| Subject: Re: that place on the high mesa near basecamp ! hey miso ... |
| From: miso@sushi.com |
| Date: 14/11/2005, 02:01 |
| Newsgroups: alt.conspiracy.area51 |
The drive is fine. I don't recall the road names anymore, but you can
see the "monument" from a distance, so use it for navigation.
http://www.lazygranch.com/projfault.htm
The radioactivity level there seems to be just background, at least at
ground zero. I never tried to find where they did the drillback. Often
radioactivity escapes from hot gases. It may be that the area was so
unstable they didn't bother to evaluate the test. I'll make it a point
some time to visit the DOE reading room and see what details they have
released on the blast.
While you are out there, check out the "meteor crater"
http://www.lazygranch.com/meteorhw6.htm
Also, you might want to do the drive over Quinn Mountain. The forrest
service road dumps you out in Garden Valley. I ran into some real
assholes in Garden Valley, sort of challenging me as to what I'm doing
there. Garden Valley is where the people in Alamo have vacation homes
to get away from it all. They don't like visitors. There is deeded land
out there, but it is posted.
Most communications lasers are IR, so spotting them would require a B&W
CCD or nightvision. At best, you would have line of sight to Bald
Mountain, but Halligan Mesa isn't all that high.
krackula wrote:
thanks Guy ...... thats an interesting place. you're right about
those radars , some of them can hurt you if you get in front of them.
I used to watch the techs explode pigeons in the rafters
( for fun ) of the high bay buildings ( Redstone Arsenal ) with those
Nike illuminator radars. they'd aim it up into the rafters of the
wooden storage / docking building and flick it on for a couple of
seconds and " pow " dust and feathers would rain down !

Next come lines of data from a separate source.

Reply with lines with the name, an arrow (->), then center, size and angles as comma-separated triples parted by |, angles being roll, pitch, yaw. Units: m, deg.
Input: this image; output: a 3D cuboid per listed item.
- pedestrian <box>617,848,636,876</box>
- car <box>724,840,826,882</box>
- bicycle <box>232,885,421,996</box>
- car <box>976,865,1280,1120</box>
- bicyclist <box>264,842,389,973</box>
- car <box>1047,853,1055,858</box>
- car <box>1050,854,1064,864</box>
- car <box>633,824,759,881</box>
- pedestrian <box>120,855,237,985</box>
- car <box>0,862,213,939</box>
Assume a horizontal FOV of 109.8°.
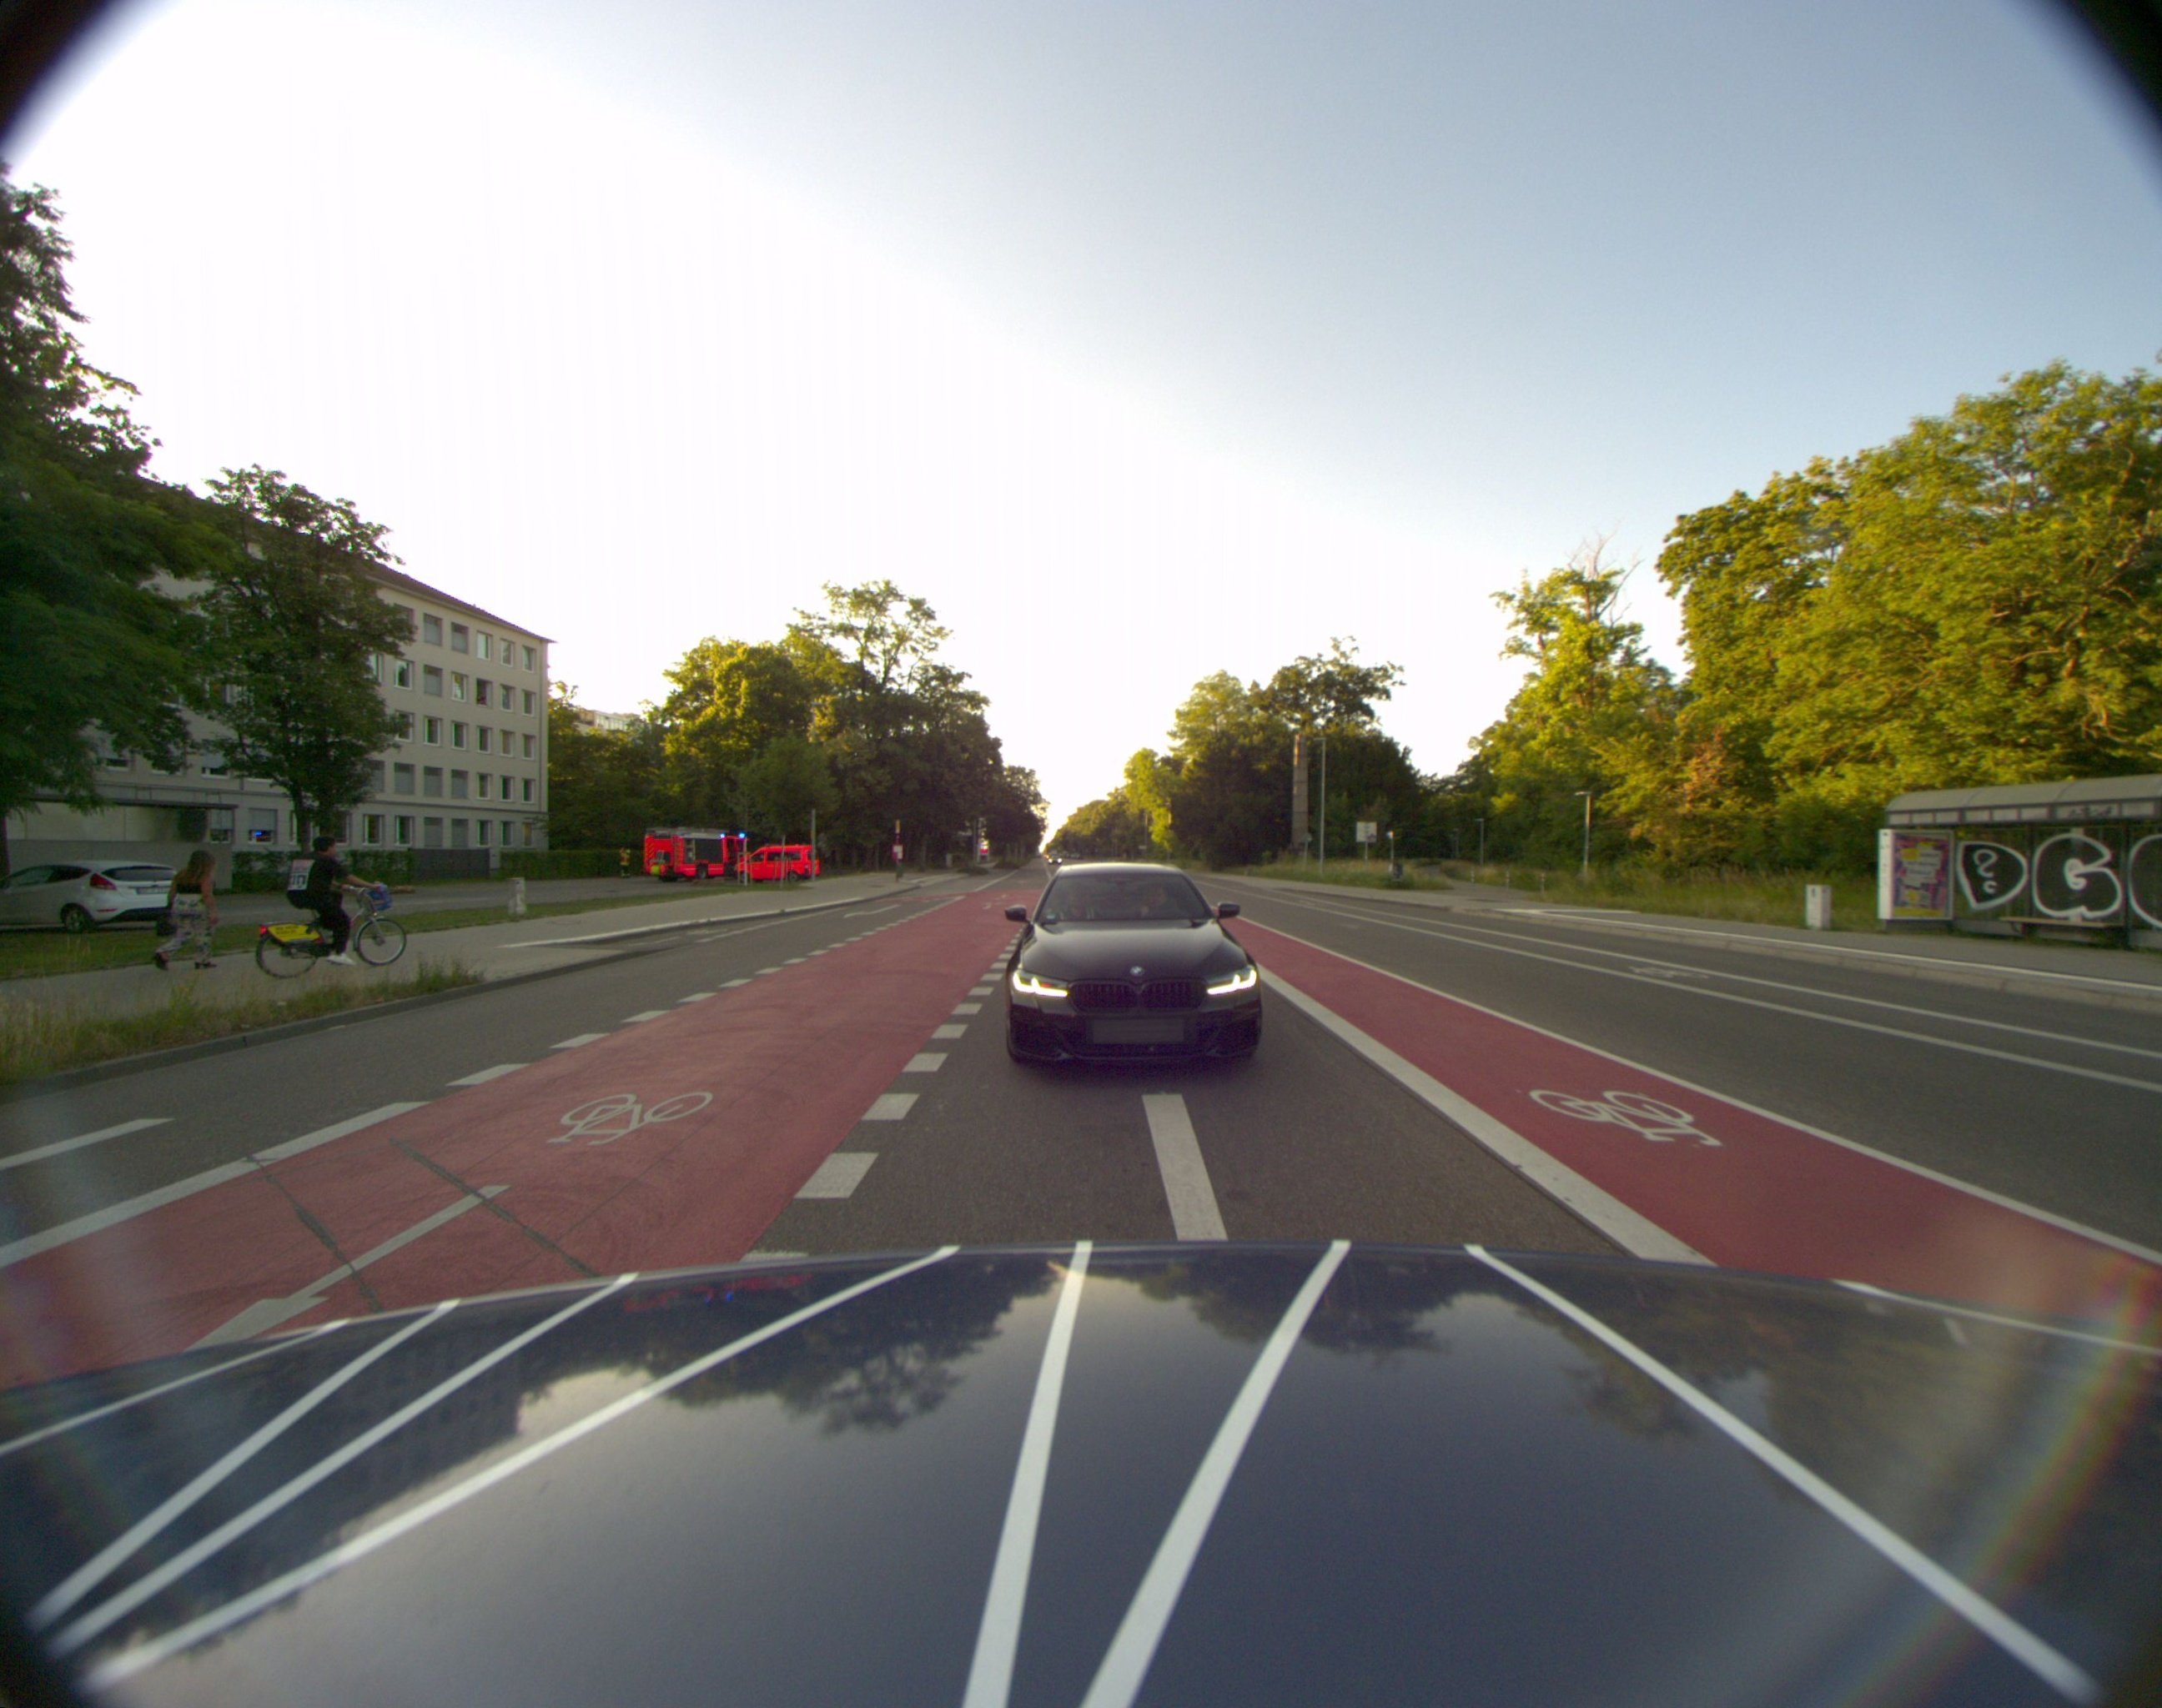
pedestrian -> -29.542, 0.521, 49.390 | 0.845, 1.831, 0.683 | 0, 0, 4
car -> -17.940, 0.396, 44.706 | 5.164, 2.379, 2.000 | 0, 1, 3
bicycle -> -9.819, 1.076, 10.005 | 0.571, 1.233, 1.899 | 0, 1, 1
car -> 0.266, 0.890, 7.279 | 1.818, 1.391, 5.212 | -2, 0, -1
bicyclist -> -9.819, 0.662, 9.929 | 0.571, 1.623, 1.038 | 0, 1, 1
car -> -8.518, 0.415, 217.042 | 1.851, 1.473, 4.701 | -2, 0, -5
car -> -3.706, 0.727, 116.776 | 1.851, 1.346, 4.701 | -2, 0, -4
car -> -23.621, -0.134, 47.235 | 2.770, 3.225, 8.301 | 0, 0, 7
pedestrian -> -11.602, 0.818, 9.791 | 0.682, 1.613, 0.688 | 0, 0, 1
car -> -20.818, 0.923, 15.877 | 3.662, 1.451, 1.665 | 0, 1, 5

it'd be fun to get a better , up close, look at more of their
equipment. friends told me that they had a laser communications
link beam aimed back down towards Groom Lake but I can't imagine
how they'd get over those hills into the base, repeaters maybe. I
checked out the place but didn't detect any laser commo equipment
now. probably got rid of it for more modern satellite equipment, or
the project was over etc. .
have you driven out to the base camp nuke explosion ( faultless test
) site, and if so how was the road out there. I read it's 13 miles
long, off the paved road , to the sites. could a 2 wd suv make it ok
? far as I know it's probably the only publicly accessible test
site on the area51 region. I'd like to take my equipment there and
look for collectibles ! ha ....
k
On 11 Nov 2005 23:48:00 -0800, miso@sushi.com wrote:
That is Halligan Mesa. You can't get very close by the road, though the
first no tresspasing sign is not valid. I spent a bit of time with the
county assessor office (or maybe recorder, I forget) and the BLM. The
USAF just owns the top of the hill. I don't recall what is at the 2nd
no tresspassing sign, i.e. does it have a fence or not. Anyway, you
could park and hike around the hill. I can't vouch how high the RF
field is at the facility. In theory, they are suppose to fence off
areas that exceed unsafe limits, but we are talking about the DOD. ;-)
The first time I went to the Warm Spring repeater site, I took the
wrong road. I parked beneath the site at a different repeater site
(telco), then climbed the hill. It was about as steep as Tikaboo.
Anyway, in the distance I heard gun shots, and in a minute or two I was
joined by a herd of Big Horn sheep that decided to climb the same hill
I was climbing. Fortunately, they kept their distance.
Regarding the ULF, after reading the UWB manuals, I think a passive
approach won't cut it. I have some ideas on active circuitry.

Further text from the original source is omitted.